The marrow cavity acts as a rigid vein, and so will not collapse, even
in the face of severe volume loss. No
matter how dehydrated
or volume depleted the child is, there is always a rigid tube
which can be punctured to replace the required fluids.
This marrow is very vascular in infants. At about age 5 years, this marrow is replaced
by less vascular marrow, and, although the intraosseous route is still
available in older children and adults, it is a more
difficult route for rapid volume replacement as compared to venous access. It is, however, still a good route for giving
medications if peripheral access is not possible, and ACLS protocols now prefer
intraosseous (IO) access over the endotracheal route for drug administration. [1,2]
Although bolus medications are rapidly effective, it
is necessary to do a saline flush after each drug, and to administer volume under pressure using
syringe and stopcock, infusion pump or pressure bag. Maximum rate of administration is equivalent
to a #21 peripheral cannula. [3]
1.
Vascular access is
difficult or unsuccessful. Peripheral
vein access tends to be difficult in small children, where this procedure is
used most.
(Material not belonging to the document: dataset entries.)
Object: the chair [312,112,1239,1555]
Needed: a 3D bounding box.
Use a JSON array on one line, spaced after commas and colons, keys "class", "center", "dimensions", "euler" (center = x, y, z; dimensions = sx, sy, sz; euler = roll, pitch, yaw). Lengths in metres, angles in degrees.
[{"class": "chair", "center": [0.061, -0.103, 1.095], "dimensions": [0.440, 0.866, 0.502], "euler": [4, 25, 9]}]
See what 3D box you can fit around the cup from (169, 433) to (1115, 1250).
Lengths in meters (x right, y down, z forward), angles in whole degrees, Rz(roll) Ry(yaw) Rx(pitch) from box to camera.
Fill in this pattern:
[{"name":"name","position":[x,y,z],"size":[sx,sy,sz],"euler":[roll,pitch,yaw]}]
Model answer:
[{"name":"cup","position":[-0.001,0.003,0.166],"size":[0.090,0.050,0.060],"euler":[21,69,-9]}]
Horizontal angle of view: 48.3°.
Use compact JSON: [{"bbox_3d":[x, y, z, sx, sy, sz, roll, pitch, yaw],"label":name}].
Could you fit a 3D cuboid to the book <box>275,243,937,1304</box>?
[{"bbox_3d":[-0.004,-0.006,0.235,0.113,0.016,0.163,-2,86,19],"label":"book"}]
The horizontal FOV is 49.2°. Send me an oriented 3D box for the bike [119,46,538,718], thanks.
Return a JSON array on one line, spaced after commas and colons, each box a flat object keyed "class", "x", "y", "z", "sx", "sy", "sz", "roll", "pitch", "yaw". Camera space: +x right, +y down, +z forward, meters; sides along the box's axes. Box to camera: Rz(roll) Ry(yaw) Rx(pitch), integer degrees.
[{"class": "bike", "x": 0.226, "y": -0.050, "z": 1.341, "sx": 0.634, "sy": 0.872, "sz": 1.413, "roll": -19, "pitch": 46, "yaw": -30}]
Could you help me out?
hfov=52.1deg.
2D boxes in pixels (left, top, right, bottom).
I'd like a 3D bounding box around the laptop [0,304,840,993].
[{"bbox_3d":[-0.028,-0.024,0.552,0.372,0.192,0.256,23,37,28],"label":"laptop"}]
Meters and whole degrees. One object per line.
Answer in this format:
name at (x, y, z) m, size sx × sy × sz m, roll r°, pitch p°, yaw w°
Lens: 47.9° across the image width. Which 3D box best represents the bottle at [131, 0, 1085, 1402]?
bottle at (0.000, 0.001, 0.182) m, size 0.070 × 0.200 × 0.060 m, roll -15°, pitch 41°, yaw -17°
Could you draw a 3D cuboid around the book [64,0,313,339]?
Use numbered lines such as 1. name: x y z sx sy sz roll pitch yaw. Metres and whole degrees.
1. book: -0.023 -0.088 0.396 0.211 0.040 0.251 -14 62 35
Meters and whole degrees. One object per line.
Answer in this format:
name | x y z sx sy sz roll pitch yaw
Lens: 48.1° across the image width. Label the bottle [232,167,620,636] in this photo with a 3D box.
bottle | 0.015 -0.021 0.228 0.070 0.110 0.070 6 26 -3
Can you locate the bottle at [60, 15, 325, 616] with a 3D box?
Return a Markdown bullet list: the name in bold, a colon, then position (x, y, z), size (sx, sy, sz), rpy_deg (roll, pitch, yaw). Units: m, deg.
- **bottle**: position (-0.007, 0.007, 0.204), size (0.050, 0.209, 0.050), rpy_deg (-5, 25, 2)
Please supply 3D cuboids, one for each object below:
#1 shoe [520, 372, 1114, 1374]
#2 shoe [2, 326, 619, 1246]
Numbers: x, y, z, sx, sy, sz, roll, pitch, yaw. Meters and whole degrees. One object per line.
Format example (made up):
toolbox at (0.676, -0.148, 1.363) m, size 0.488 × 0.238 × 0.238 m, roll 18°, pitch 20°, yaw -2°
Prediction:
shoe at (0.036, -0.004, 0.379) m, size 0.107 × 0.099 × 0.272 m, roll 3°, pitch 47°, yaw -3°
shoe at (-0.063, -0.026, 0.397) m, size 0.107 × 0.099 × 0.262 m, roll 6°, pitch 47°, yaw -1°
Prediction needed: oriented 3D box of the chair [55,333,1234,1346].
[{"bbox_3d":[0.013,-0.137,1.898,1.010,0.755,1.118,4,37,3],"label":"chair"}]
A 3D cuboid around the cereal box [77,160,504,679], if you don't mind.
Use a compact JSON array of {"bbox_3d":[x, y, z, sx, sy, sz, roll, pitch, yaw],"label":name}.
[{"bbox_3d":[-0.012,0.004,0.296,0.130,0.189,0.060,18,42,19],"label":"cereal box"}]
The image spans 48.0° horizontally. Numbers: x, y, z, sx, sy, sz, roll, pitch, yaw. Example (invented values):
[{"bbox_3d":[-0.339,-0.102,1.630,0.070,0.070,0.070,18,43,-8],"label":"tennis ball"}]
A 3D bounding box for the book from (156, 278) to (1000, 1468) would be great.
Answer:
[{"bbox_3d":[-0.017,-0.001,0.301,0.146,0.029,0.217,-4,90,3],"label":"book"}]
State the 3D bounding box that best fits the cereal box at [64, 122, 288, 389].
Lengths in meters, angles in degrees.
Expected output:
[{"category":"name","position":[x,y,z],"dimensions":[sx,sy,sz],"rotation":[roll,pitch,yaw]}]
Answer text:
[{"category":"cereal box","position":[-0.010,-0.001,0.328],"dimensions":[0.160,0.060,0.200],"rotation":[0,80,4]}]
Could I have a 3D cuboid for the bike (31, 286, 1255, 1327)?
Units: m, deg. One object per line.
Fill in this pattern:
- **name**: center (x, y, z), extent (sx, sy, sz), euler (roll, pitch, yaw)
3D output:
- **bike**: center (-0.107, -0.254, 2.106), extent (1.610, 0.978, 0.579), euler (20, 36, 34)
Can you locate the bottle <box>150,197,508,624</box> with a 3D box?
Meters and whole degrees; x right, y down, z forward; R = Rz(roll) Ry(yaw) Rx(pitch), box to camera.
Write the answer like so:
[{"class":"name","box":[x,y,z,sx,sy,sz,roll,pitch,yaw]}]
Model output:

Older children and adults
have denser bony cortex, making IO procedures more difficult, while peripheral
venous access is simpler.
2.
Suggested as first
attempt at vascular access in children in full cardiac arrest or severe shock,
recognizing that establishment of airway and ventilation are a priority in
these patients. [2]
3.
Some sources
suggest that failure to establish IV access in 90 seconds or 3 attempts
mandates switch to IO access. [2]
1.
Compromise of the
insertion site by trauma, burn or infection.
2.
Ipsilateral
laceration or fracture which would divert the volume being given.
3.
Pelvic fracture
4.
Abnormality of
bone such as osteogenesis imperfecta or severe osteoporosis.
5.
Previous failure
to establish IO cannulation in the same extremity, increasing risk of
compartment syndrome.
1.
Local cellulitis
or subcutaneous abscess
(1%).
2.
Hypertonic or
irritating solutions can cause muscle necrosis if leakage occurs.
3.
Hematoma
4.
Osteomyelitis is
rare.
5.
Growth plate or
joint injury if site of penetration is badly chosen. Risk is minimized by directing the needle
away from the growth plate (Fig.1).
6.
Compartment
syndrome is reported. Risk rises with
length of time the infusion is employed
7.
Sepsis reported
rarely.
8.
Fat embolism
reported rarely.
9.
All
complications increase with time and are minimized by removal within 3-4
hours. The site may be used for 72-96 hours if there is no
alternative. [4]
1.
Sterile bone
marrow SurFast (Cook) or Jamshidi
(Baxter) needle 15-18 gauge, 2.5-5.0 cm length.


2.
Povidone iodine
and alcohol prep solutions.
3.
2%
preservative-free xylocaine.
4.
1x5 ml. syringe
containing saline, 1 empty 5 ml. syringe
5.
1x60 ml. syringe.
6.
IV fluid bag and
primed administration set ready for immediate use.
7.
Appropriate
needles for local anesthetic administration and drawing up bolus fluids.
8.
3-way stopcock
9.
Saline solution
for flushing lines.
10.
Tape and 4X4 gauze to
secure IO needle.
1.
Identify the
insertion site:
·
in children on the proximal tibia anteromedial flat
surface 1-3 cm. (width of 1-2 fingers) below and medial to the tibial
tuberosity. Can be directed caudad 10-15
degrees to avoid the growth plate (Fig.1).
·
alternate site in children distal femur 2-3 cm. above the
epicondyles in the midline directed cephalad at an angle of 10-15 degrees from
the vertical.
·
in adults an additional site is the distal tibia 1 cm.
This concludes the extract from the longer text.